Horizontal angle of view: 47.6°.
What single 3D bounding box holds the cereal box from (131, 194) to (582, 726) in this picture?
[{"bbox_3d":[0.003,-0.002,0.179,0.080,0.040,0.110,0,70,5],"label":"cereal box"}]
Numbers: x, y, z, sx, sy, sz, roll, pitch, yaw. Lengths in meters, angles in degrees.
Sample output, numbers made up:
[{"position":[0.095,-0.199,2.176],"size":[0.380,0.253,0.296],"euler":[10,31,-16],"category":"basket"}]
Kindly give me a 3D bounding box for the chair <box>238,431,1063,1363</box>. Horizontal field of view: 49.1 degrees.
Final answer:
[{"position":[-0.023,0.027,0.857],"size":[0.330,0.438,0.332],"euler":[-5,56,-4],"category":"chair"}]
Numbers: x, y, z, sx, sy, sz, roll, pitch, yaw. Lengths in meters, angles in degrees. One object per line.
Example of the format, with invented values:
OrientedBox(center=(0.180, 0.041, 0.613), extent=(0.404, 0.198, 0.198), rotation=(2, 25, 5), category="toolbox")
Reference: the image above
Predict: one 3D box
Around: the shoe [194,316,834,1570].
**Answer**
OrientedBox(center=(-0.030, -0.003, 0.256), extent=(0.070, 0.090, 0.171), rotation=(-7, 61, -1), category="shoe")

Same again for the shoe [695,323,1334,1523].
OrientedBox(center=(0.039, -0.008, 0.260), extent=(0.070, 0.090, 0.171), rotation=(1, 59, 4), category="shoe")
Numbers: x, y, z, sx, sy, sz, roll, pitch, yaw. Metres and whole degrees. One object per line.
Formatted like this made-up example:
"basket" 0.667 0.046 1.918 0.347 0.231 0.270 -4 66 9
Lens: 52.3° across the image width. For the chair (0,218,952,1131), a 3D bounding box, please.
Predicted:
▬▬▬
> **WHAT YOU NEED TO DO**
All lines in the records above with "Lengths" need to be found and copied.

> **FINISHED TASK**
Numbers: x, y, z, sx, sy, sz, roll, pitch, yaw. Lengths in meters, angles in degrees.
Numbers: x, y, z, sx, sy, sz, roll, pitch, yaw. Lengths in meters, angles in degrees. One object per line.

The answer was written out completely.